───── Records to use
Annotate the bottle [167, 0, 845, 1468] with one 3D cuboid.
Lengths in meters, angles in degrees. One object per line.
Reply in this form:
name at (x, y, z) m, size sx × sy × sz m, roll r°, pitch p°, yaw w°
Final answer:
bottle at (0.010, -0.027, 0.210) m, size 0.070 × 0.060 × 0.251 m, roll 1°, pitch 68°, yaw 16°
──────────
───── Records to use
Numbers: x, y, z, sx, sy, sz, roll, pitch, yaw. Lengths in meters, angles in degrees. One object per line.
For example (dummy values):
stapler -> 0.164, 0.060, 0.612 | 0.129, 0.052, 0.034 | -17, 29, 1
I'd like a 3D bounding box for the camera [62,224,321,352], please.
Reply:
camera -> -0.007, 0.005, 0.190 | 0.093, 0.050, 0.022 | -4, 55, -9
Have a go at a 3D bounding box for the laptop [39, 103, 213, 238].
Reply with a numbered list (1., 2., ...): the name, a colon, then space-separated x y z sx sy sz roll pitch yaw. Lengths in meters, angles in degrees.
──────────
Your assignment:
Would you print exactly, and only, the lines of the data above from the line with "stapler -> 0.164, 0.060, 0.612" through the line with "Have a go at", inclusive?

Your response:
stapler -> 0.164, 0.060, 0.612 | 0.129, 0.052, 0.034 | -17, 29, 1
I'd like a 3D bounding box for the camera [62,224,321,352], please.
Reply:
camera -> -0.007, 0.005, 0.190 | 0.093, 0.050, 0.022 | -4, 55, -9
Have a go at a 3D bounding box for the laptop [39, 103, 213, 238].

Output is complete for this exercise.